Hay otras imágenes, mucho más dulces e inofensivas en apariencia, pero aún cuando en ellas están presentes los colores vibrantes como en la de la cucaracha muerta, señala hacia ese mismo lugar, reminiscencias de suciedad. Una empatía por escudriñar en lo oscuro-abyecto, como el niño que experimenta en el lodo y con cubrirse de tierra una fascinación de libertad total y sin restricciones. Creo que domina esta visión, aunque supere incluso en número, las básicamente decorativas como la llave abierta dejando verter el chorro de agua, quizá para limpiarnos de las impurezas de la abyección por habernos tirado primero sobre la tierra, cubriéndonos de mugre de pies a cabeza. Aparecen también colores chillantes en otras, estrellas que vemos como decorado en un viejo pantalón de mezclilla o luego en la instalación realizada sobre un puente peatonal.

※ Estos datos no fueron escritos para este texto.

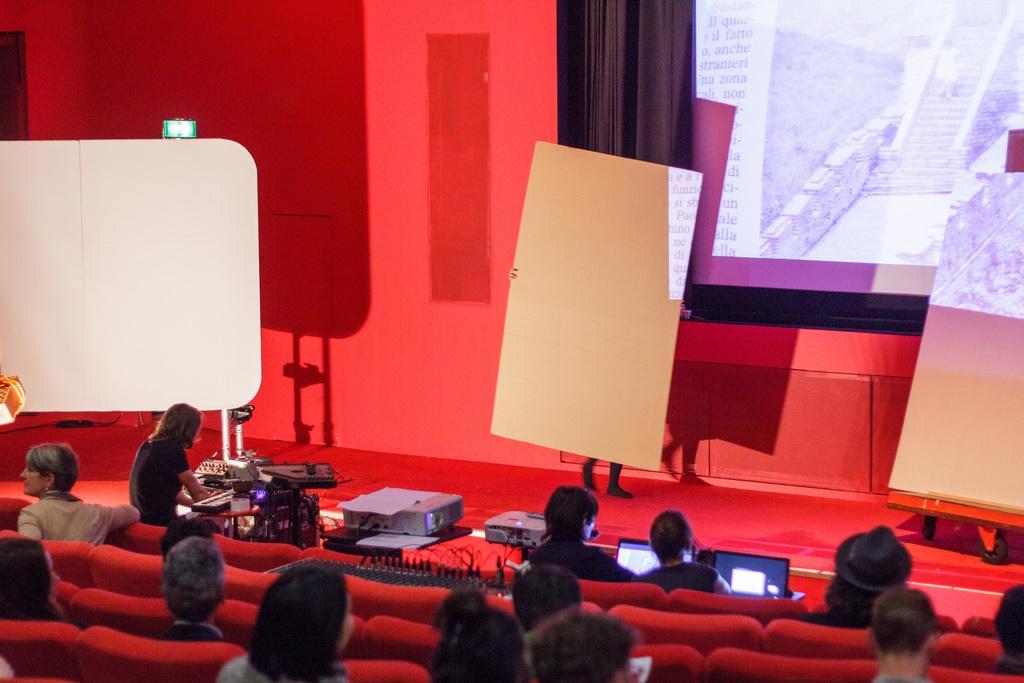How would you summarize this image in a sentence or two? In this image I can see few people are sitting on the red color seats. I can see a systems,projector and few objects on the table. In front I can see a person is holding boards and I can see a white board and large screen. 
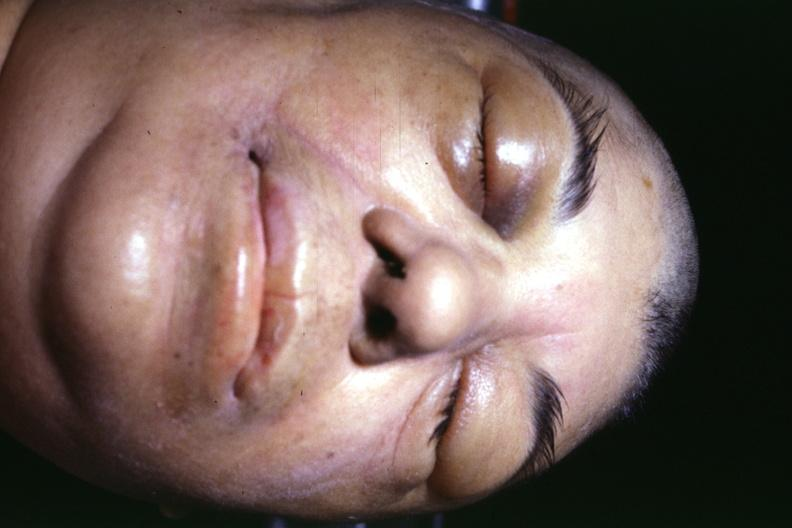what does this image show?
Answer the question using a single word or phrase. Jaundice due to terminal alcoholic cirrhosis with shock and typical facial appearance of edema due to generalized capillary permeability increase or shock 
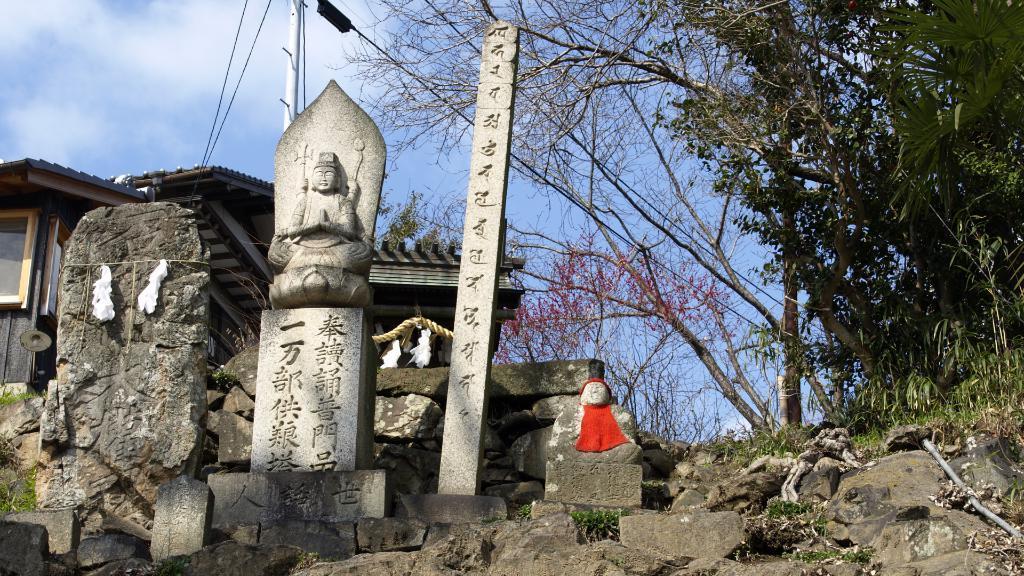Can you describe this image briefly? This picture is taken from outside of the city. In this image, on the right side, we can see some trees and plants. In the middle of the image, we can see some sculptures and a toy, on one of the sculptures, we can see a red color cloth. On the left side, we can see a rock, house, pole, electric wires. In the middle of the image, we can also see a pole. At the top, we can see a sky which is a bit cloudy, at the bottom, we can see some rocks and stones and a grass.

Son las primeras indagaciones, andanzas de un artista en ciernes, básicamente como una libre exploración de su persona y del misterio que envuelve ese aprendizaje. Pero se empieza a percibir ciertos asomos de una voz, pasillos que aún esperanzadores quizá por las estrellas que adornan el puente, tienen algo de descomposición –un puente solitario a mitad de la noche, en una de las variantes iluminado sólo por el flash de la cámara-. En la imagen del pantalón de mezclilla, que repite este motivo de estrellas se apuesta porque el área genital que ha quedado húmeda, se adivinen orines. Los Clorets con su verde estridente se encuentran dentro de un charco lodoso, haciendo del resultado una muestra corrosiva-extraña. En el agujero de una ventana, sólo se observa un muro de ladrillos, como un juego irónico de ligera coquetería vouyerista.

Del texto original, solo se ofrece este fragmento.